John Wesley Powell, the first Anglo to record his
journey through the Glen, found in the canyon a sense of respite
after his journey through the tumultuous rapids of Cataract Canyon.
"We have [here] a curious ensemble of wonderful features,"
he wrote, "Carved walls, royal arches, glens, alcoves, gulches,
mounds, and monuments. From which of these features shall we select
a name?" He named it, of course, Glen Canyon, to honor the
cool groves of gamble oak in which he and his men found shade.
Other writers found in Glen Canyon a beauty that rivaled,
or at least complemented, that of the Grand Canyon.

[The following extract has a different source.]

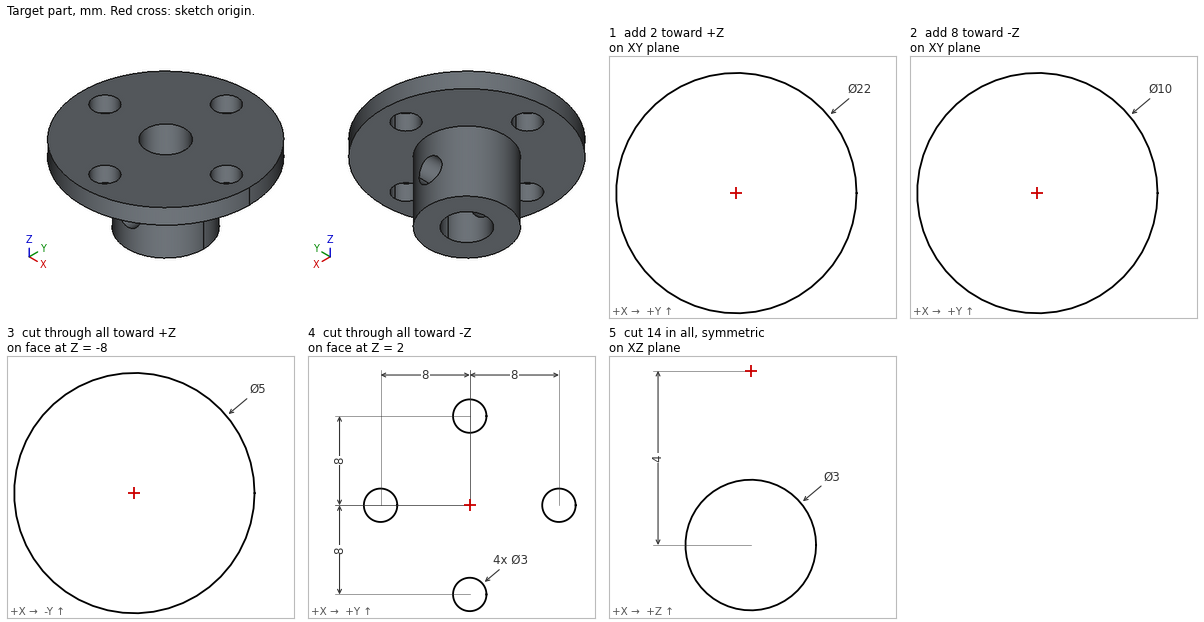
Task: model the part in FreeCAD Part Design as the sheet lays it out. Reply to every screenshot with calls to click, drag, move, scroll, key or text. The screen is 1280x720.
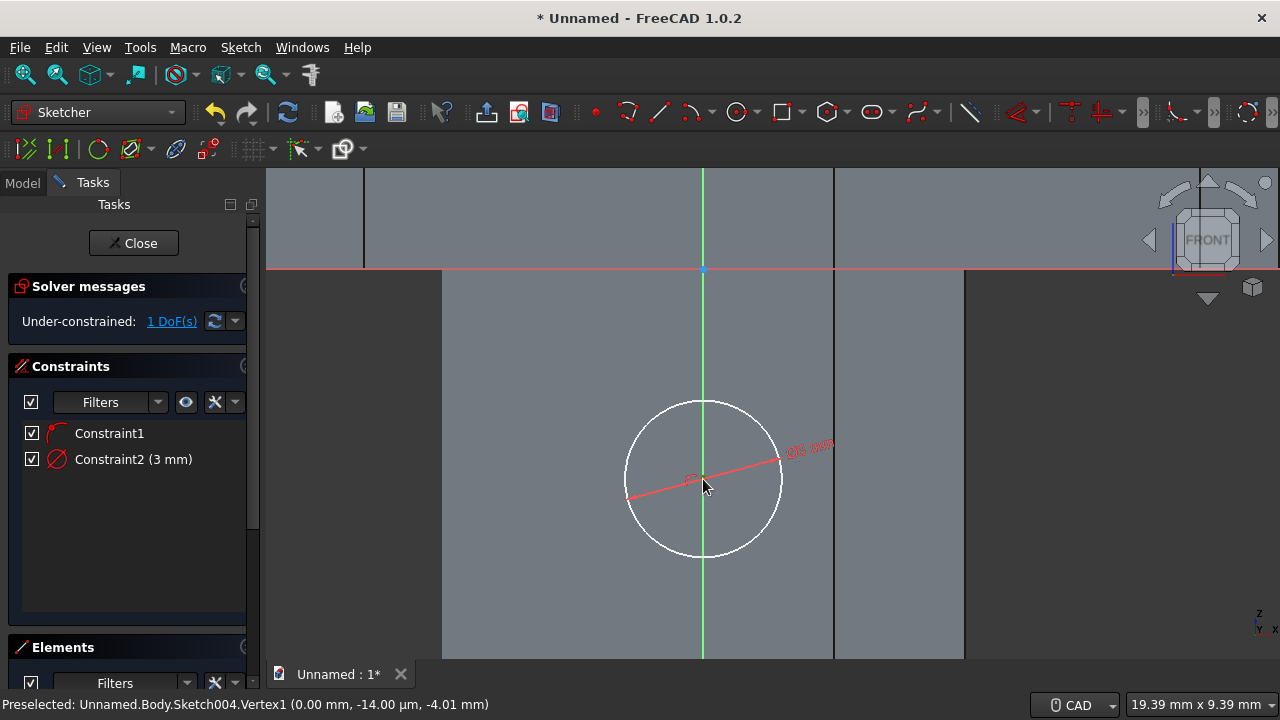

Wallace Stegner,
winner of both the Pulitzer Prize and the National Book Award, found
a sense of comfort in the Glen. "Awe was never Glen Canyon's
province," he wrote. "That is for the Grand Canyon. Glen
Canyon was for delight."
What did it mean to have such a place drowned? For
Edward Abbey, drowning the Glen threatened to extinguish the very
spirit of the Colorado Plateau. "The Canyonlands did have a
heart, a living heart," he wrote, "And that heart was
Glen Canyon and the golden, flowing Colorado River."
But
Glen Canyon is still there, and it can still be restored. We know
from studies of side canyons that were flooded during the big water
years of 1983/84 that the canyons are capable of flushing themselves
out in a relatively short amount of time. We know that, with proper
management, the riparian ecosystems--the willow, the cottonwoods,
and the glens of gamble oak-- can return. The "bathtub ring"
will disappear, and the canyon will recover, just as surely as the
Grand Canyon has recovered from the volcanic dams that have twice
blocked the river's flow there during the past 5 million years.
To say that the Glen is gone is to lack imagination. Will it be
different? Of course it will be different. But it can be back.